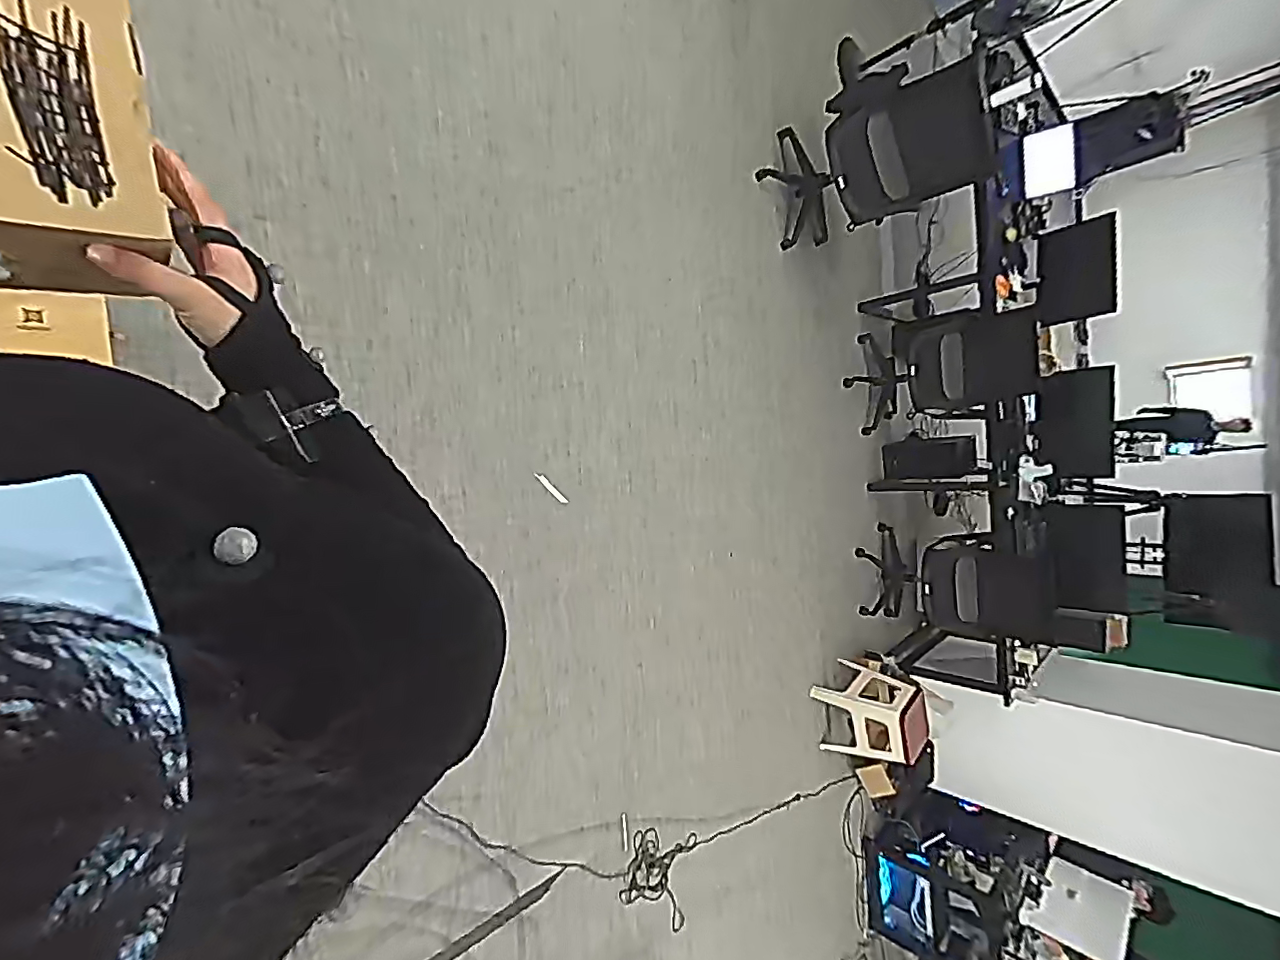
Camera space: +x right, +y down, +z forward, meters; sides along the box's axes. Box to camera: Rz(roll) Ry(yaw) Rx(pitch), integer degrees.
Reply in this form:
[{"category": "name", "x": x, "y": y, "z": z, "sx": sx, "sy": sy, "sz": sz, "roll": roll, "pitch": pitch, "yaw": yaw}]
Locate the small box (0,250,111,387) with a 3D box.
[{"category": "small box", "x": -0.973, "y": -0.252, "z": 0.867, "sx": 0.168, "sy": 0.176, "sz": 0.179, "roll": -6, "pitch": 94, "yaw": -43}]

----

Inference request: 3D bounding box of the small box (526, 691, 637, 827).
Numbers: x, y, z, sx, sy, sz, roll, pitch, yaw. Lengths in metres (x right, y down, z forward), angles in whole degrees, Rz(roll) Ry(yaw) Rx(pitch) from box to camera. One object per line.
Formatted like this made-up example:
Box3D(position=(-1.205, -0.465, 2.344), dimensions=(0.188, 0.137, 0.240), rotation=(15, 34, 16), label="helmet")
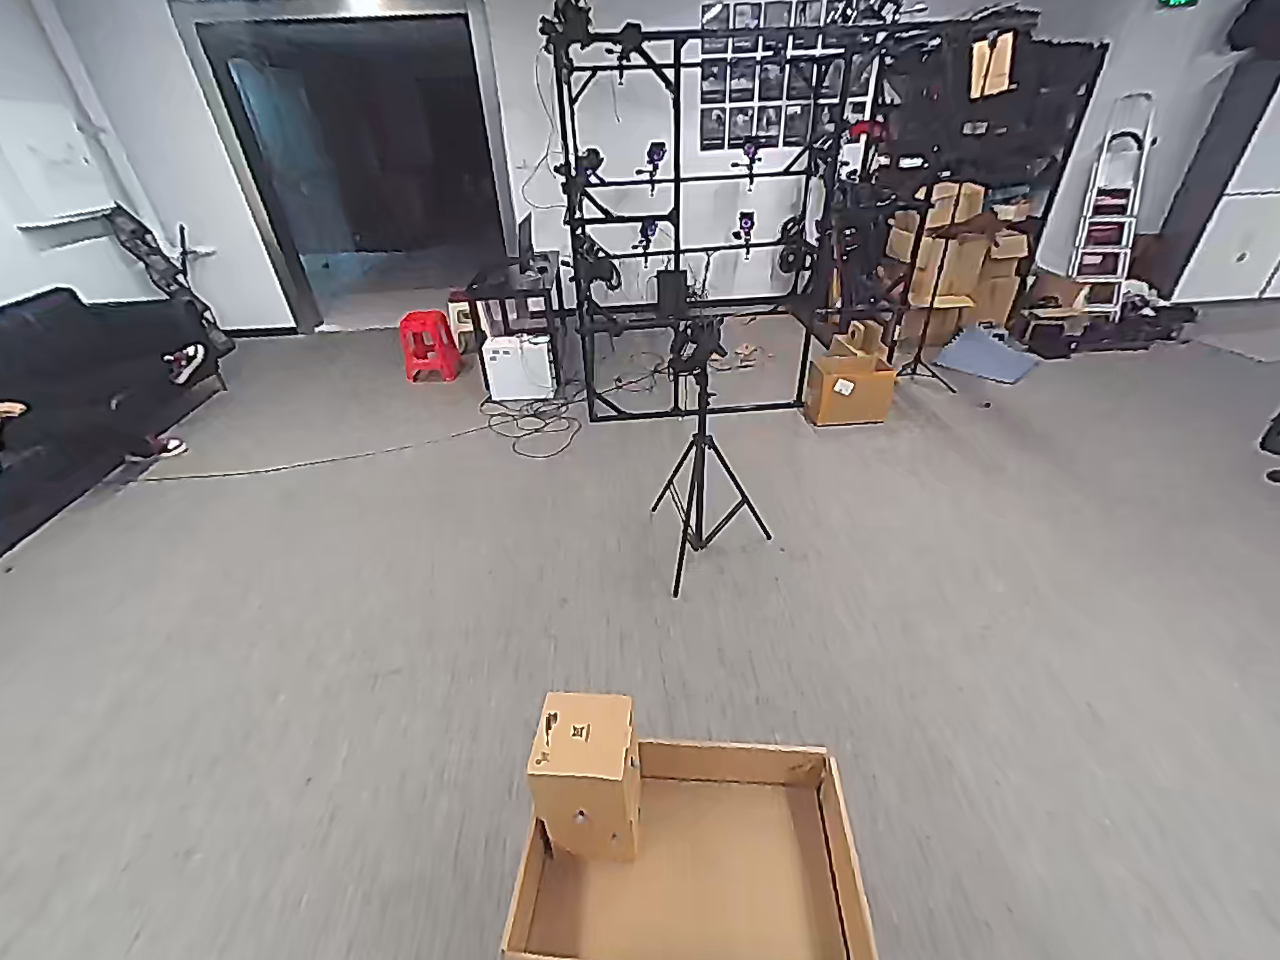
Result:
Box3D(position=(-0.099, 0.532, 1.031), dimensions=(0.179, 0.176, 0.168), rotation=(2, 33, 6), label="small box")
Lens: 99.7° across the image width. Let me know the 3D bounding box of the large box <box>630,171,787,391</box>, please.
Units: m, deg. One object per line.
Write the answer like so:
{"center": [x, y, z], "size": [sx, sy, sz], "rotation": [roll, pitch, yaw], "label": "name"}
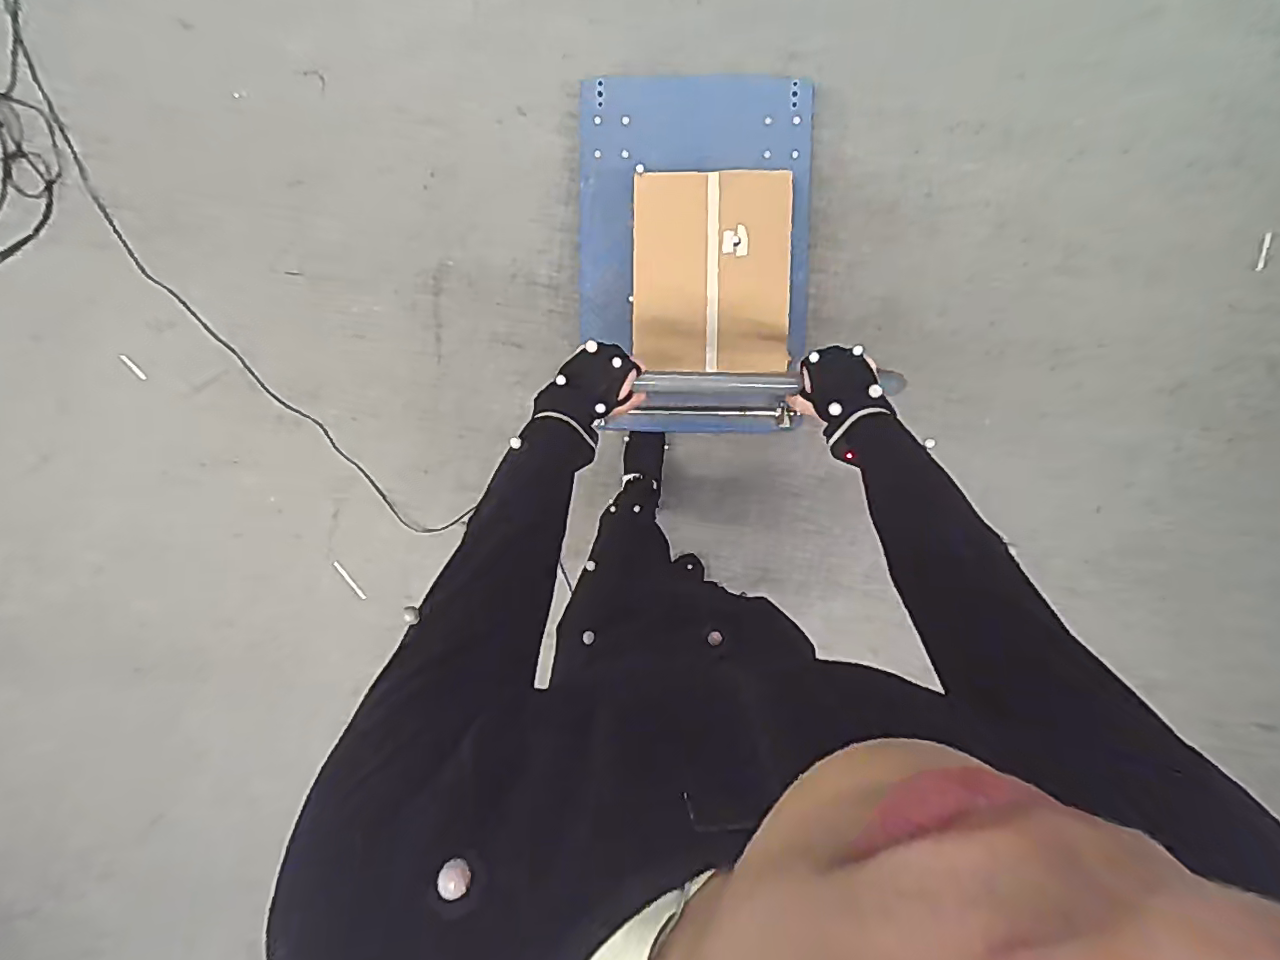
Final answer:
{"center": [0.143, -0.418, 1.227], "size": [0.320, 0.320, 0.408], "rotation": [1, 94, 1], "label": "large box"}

----

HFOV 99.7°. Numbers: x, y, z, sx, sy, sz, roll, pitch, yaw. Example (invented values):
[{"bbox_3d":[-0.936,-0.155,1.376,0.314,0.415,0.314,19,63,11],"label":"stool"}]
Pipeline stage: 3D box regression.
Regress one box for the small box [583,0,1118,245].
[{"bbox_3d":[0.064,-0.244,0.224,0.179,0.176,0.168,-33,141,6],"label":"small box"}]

----

Copy the lines of the entries above that mention "camera".

[RESULT BELOW]
Camera space: +x right, +y down, +z forward, meters; sides along the box's axes. Box to camera: Rz(roll) Ry(yaw) Rx(pitch), integer degrees.
Numbers: x, y, z, sx, sy, sz, roll, pitch, yaw. Lengths in metres (x right, y down, z forward), angles in whole degrees, Rz(roll) Ry(yaw) Rx(pitch) from box to camera. One object per line.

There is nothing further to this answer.